Na 139 jaar lijkt het mysterie van de verdwenen baron Frits van Keverberg opgelost. Wie was die markante man eigenlijk? Een videoverslag van Omroep Peel en Maas.
Terugkeer van een dode baron (2)
Vanmorgen werd in het Limburgse Kessel een deksel gelicht dat waarschijnlijk 139 jaar lang potdicht is geweest. De loden grafkist werd 25 juni van dit jaar bij toeval opgegraven in de tuin van de middeleeuwse burcht Keverberg en behoort waarschijnlijk toe aan de kleurrijke, maar tragische baron Frits, waar ik eergisteren over schreef. De belangrijkste vraag die beantwoord moet worden: is dit wel de baron?

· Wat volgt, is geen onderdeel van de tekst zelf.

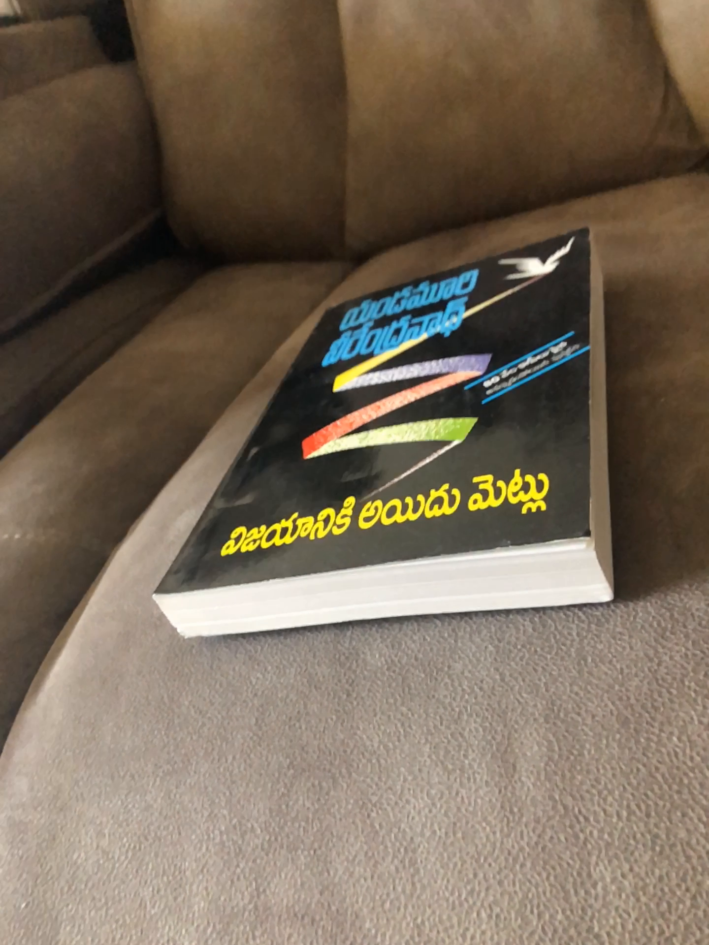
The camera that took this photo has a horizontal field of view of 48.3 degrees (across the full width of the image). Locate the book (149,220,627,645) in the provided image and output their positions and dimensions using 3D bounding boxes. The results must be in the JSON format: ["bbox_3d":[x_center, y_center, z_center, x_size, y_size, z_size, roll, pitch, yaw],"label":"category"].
[{"bbox_3d":[0.027,-0.028,0.314,0.144,0.026,0.212,-11,34,24],"label":"book"}]
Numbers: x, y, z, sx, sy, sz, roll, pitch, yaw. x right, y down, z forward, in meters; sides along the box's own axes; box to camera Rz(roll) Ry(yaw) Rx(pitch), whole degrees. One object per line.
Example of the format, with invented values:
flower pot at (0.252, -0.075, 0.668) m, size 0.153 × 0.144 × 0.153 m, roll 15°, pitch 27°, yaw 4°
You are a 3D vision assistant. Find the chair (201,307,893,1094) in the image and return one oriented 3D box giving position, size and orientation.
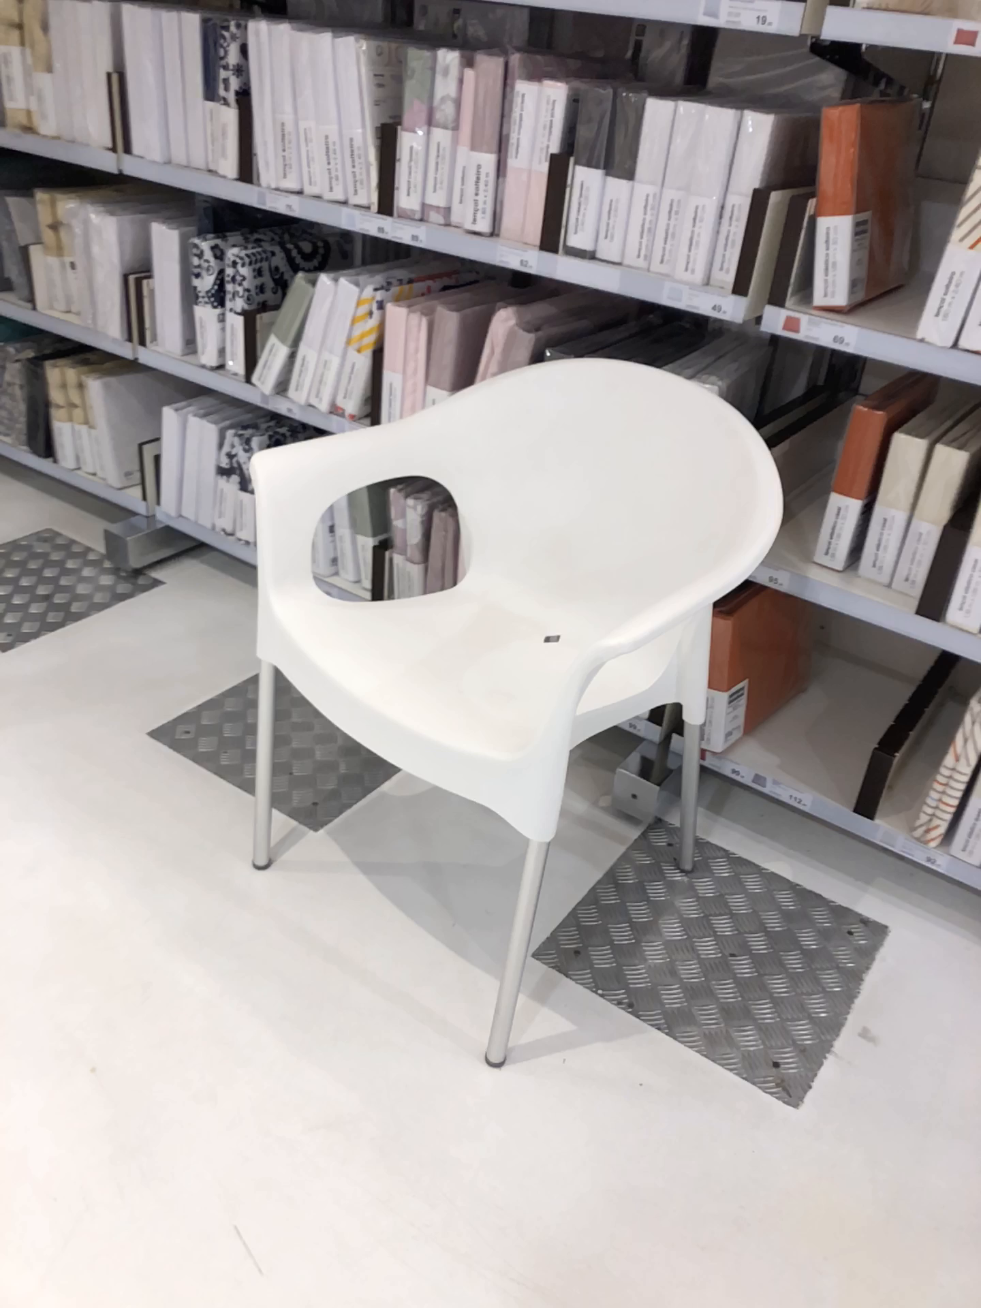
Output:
chair at (0.042, 0.000, 1.428) m, size 0.591 × 0.705 × 0.553 m, roll 29°, pitch 38°, yaw 34°

Het is een onwerkelijke ervaring het deksel omhoog te zien gaan. Een tijdcapsule opent zich, enkele smartphones leggen het moment vast; het jaar dat dit deksel werd gesloten, kreeg Graham Bell patent voor de telefoon die hij had uitgevonden. Die telefoon had overigens nog geen camera. Wat zou baron Frits, als hij nog had kunnen zien, gedacht hebben van de diverse auto’s die rondom de geïmproviseerde autopsieruimte op het erf geparkeerd staan? Toen Frits zijn ogen voor de laatste keer sloot, bestond de allereerste auto alleen nog maar in de wilde fantasie van Karl Benz. In de periode dat Frits in die donkere kist lag, anderhalve meter onder de grond, werden twee wereldoorlogen uitgevochten. Werd de Titanic gebouwd en ging hij ten onder. Kregen Franz-Ferdinand en Kennedy de kogel. Werd het tsaristische Rusland de Sovjet Unie en viel die weer uiteen. En werd AZ ’67 niet één, maar tweemaal kampioen.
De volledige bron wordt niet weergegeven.